## Task objective:
In the data below, how many lines include the string "HVAC"? Give only the number.

[Records drawn from a dataset]
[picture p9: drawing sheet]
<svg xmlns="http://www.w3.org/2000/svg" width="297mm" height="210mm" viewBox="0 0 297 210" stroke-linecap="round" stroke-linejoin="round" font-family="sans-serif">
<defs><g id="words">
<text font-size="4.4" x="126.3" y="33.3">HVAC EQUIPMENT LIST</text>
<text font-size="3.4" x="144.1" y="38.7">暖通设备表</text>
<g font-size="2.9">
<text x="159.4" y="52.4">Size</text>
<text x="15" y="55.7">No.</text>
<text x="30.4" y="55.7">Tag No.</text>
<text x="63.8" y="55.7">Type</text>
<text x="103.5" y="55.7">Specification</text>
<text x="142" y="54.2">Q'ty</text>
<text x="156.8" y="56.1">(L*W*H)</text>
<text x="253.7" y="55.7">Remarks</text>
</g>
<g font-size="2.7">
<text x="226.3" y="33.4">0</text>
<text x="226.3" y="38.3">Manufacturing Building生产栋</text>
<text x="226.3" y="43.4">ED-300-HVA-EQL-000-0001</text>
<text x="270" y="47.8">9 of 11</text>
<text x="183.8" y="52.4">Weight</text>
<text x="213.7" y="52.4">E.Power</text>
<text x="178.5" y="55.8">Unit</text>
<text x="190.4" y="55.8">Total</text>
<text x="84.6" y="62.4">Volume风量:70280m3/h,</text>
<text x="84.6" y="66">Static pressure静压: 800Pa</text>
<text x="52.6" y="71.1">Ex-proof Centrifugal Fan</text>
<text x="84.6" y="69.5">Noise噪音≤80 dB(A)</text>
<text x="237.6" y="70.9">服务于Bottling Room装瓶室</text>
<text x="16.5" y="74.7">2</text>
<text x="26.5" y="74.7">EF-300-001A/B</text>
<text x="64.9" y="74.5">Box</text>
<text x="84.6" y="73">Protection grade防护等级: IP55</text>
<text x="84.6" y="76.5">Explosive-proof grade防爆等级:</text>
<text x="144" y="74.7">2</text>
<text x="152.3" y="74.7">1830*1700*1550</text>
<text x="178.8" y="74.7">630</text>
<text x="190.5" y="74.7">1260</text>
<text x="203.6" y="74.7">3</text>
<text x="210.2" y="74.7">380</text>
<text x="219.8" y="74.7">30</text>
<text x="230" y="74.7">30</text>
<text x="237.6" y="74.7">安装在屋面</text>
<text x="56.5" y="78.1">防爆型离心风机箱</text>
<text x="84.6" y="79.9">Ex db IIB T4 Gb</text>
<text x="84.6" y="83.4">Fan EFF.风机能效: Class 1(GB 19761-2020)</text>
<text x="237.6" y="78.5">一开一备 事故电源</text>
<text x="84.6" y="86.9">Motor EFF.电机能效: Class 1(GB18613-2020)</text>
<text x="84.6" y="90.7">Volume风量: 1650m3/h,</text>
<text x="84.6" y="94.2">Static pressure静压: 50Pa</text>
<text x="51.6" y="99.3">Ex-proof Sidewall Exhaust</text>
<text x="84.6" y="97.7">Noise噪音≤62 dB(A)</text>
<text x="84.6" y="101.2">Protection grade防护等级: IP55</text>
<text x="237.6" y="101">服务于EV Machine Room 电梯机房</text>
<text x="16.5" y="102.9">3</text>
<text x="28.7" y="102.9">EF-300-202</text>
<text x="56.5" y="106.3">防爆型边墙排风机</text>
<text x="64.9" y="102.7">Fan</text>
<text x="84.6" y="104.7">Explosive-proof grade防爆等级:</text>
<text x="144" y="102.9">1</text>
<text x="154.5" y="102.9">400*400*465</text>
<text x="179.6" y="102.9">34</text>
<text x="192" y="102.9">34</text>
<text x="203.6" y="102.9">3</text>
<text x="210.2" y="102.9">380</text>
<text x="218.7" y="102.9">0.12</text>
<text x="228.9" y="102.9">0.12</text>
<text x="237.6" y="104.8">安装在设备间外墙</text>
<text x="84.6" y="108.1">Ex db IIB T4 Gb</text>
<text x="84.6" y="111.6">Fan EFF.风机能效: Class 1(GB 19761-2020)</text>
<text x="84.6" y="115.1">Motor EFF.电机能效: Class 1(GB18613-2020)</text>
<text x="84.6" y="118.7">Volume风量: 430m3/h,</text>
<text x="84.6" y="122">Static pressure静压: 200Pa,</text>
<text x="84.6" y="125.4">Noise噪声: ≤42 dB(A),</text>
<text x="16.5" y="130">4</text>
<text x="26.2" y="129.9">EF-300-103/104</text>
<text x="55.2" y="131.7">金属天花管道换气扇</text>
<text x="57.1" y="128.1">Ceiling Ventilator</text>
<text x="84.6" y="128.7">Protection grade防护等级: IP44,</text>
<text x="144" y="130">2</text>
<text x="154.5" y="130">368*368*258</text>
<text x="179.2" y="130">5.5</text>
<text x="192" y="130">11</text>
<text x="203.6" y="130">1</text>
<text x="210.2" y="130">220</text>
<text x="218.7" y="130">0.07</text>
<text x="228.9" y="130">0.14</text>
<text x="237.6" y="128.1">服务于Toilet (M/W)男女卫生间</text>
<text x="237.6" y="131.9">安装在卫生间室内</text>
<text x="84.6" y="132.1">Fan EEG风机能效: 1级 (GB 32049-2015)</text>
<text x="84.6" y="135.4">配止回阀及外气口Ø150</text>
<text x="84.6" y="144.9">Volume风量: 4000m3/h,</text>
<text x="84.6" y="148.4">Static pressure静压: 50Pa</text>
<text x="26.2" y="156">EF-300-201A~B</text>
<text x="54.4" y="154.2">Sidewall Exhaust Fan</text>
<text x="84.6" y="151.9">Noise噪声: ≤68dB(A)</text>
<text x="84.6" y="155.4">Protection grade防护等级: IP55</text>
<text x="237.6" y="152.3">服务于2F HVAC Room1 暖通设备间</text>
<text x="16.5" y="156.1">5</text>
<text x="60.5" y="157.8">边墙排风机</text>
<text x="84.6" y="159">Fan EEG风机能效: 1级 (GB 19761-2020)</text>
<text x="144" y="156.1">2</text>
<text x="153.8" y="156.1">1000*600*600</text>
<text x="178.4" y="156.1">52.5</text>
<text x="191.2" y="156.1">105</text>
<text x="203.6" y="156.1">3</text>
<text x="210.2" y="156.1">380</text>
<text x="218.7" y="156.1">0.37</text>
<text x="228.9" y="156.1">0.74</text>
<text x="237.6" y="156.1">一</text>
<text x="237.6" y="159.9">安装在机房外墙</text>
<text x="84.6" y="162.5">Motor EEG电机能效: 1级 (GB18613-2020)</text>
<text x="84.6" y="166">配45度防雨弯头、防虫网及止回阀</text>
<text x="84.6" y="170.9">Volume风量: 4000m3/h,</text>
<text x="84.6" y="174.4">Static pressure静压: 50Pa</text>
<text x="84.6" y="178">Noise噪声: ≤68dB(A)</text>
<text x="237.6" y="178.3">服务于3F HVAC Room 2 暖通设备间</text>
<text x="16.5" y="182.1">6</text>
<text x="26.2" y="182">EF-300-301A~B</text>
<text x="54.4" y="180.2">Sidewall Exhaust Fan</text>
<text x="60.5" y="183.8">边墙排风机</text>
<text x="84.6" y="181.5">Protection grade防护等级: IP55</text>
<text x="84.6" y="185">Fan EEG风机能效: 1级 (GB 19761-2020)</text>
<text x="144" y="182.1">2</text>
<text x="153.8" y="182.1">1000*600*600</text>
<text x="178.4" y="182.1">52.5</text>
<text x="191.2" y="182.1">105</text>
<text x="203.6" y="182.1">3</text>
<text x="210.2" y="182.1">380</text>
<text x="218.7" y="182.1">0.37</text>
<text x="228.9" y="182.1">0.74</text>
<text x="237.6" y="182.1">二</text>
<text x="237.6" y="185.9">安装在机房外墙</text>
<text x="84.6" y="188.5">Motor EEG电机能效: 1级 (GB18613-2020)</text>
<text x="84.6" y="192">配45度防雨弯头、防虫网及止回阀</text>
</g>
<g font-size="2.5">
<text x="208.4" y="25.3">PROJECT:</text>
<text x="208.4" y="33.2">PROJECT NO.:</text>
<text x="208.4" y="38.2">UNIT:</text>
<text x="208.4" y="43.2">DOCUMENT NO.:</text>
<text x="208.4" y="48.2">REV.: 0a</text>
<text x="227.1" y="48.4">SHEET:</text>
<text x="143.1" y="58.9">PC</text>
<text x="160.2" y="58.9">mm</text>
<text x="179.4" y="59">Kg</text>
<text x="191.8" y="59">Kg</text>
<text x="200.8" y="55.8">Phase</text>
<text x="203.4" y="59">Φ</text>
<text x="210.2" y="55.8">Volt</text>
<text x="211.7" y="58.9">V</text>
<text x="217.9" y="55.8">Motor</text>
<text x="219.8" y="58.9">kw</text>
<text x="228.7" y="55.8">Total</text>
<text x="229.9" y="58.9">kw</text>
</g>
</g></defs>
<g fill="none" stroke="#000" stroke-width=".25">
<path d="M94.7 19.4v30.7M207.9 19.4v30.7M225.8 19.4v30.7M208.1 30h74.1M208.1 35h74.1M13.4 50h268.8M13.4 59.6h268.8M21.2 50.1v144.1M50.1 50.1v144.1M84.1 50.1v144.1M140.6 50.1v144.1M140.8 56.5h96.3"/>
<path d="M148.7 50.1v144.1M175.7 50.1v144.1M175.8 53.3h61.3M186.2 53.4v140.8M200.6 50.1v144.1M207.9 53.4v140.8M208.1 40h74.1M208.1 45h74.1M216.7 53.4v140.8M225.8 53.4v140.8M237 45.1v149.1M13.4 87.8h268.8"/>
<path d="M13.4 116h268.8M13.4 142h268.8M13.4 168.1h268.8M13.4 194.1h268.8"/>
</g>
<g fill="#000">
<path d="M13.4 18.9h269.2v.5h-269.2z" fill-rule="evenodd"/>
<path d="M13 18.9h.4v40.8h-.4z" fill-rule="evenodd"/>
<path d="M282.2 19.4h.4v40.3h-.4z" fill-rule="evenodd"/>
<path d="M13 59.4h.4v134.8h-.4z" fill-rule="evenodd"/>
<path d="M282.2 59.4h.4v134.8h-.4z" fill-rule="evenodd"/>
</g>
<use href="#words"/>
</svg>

## Exercise response:
3